More innovation is needed in our forms of governance and organization, both corporate and civil/political. Capital is a fantastic human invention – real capitalism is a pretty good system. Ironically, much like those who say “real ____ism” has never been tried, the reality is that no pure application of any “ism” has been tried, because humans are simply unable to conceive of a fully functioning system that can’t be perverted almost immediately into some janky, hopefully still mostly operational version of the pure concept.

The US’s biggest infrastructure project—bigger than the New Deal–era dams and the Erie Canal—was the highway system, which destroyed the American city and, arguably but I think not that arguably, American society itself. The country’s midcentury racist spatial self-destruction is a crime that will never be sufficiently atoned for. Whenever a child walking along a four-lane exurban road is killed by a driver who swerves into the shoulder, whenever someone is simply able to drive 98 miles per hour in a 55 zone, whenever a family of seven in an ostensibly safe minivan is killed despite the self-evident technological ability to limit speeds, redesign roads, and enforce existing regulations, it seems reasonable to infer that what car culture is really about aren’t sexy concept cars or futuristic taillights. What car culture is really about is death.

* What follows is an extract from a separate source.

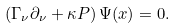Convert formula to latex. <formula><loc_0><loc_0><loc_500><loc_500>\left ( \Gamma _ { \nu } \partial _ { \nu } + \kappa P \right ) \Psi ( x ) = 0 .</formula>

https://www.nplusonemag.com/online-only/online-only/auto-show-dispatch/?src=longreads&utm_medium=email

A lot of interesting points, though as usual often sandwiched in the usual canards of leftist buzzphrases circa mid-2020s: genocide of Palestinians, etc. The highway system destroyed a lot of American neighborhoods (though mostly poor white people were displaced in many cities, not necessarily poor people of color, contrary to what you may have been told), but not the cities necessarily themselves, though I concur it is killing some slowly, others fast. The benefits of highways are glossed over – the ills of massive car culture (Hummers for example) are spelled out very well. The roads don’t kill people – in fact they enable a lot of commerce – but they may expedite the horrible failings of human nature. The biggest problem as always with socialism is that human nature simultaneously is never the cause of our ills but also is somehow the solution as a centralized bureaucracy run by humans will save us all. Car culture is more about freedom than death. But of course, to socialists, those two concepts are often the same.

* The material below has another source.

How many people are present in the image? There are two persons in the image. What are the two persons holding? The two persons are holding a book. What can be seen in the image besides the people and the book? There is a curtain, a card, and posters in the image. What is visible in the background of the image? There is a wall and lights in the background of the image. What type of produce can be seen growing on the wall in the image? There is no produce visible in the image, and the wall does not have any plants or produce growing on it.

Florida as an intensified microcosm of patterns that are unfolding all over the United States and other western countries presses upon us fundamental questions: What does the Florida-fication of the world do to human culture and community? Can people make common cause and find a common home in an environment so manufactured and imposed on the natural world? Florida’s rapid one-hundred year transformation—from raw, rugged, and expansive wilderness, into a largely artificial concrete jungle aimed at fulfilling the perpetual human appetites for quick, easy, and transient pleasures—is an experiment that offers some answers to these questions.

https://www.frontporchrepublic.com/2024/06/against-the-florida-fication-of-the-world/

It’s gonna be fascinating to juxtapose demographic decline against the rewilding of much sprawl as suburbs both wax and wane depending on the health of the given state (California seems determined to try to whittle its population down, for example). But I don’t really know how the conveniences of urban life, with its sanitized, dirt-free existence can be reconciled easily with what we now know is true ecological health.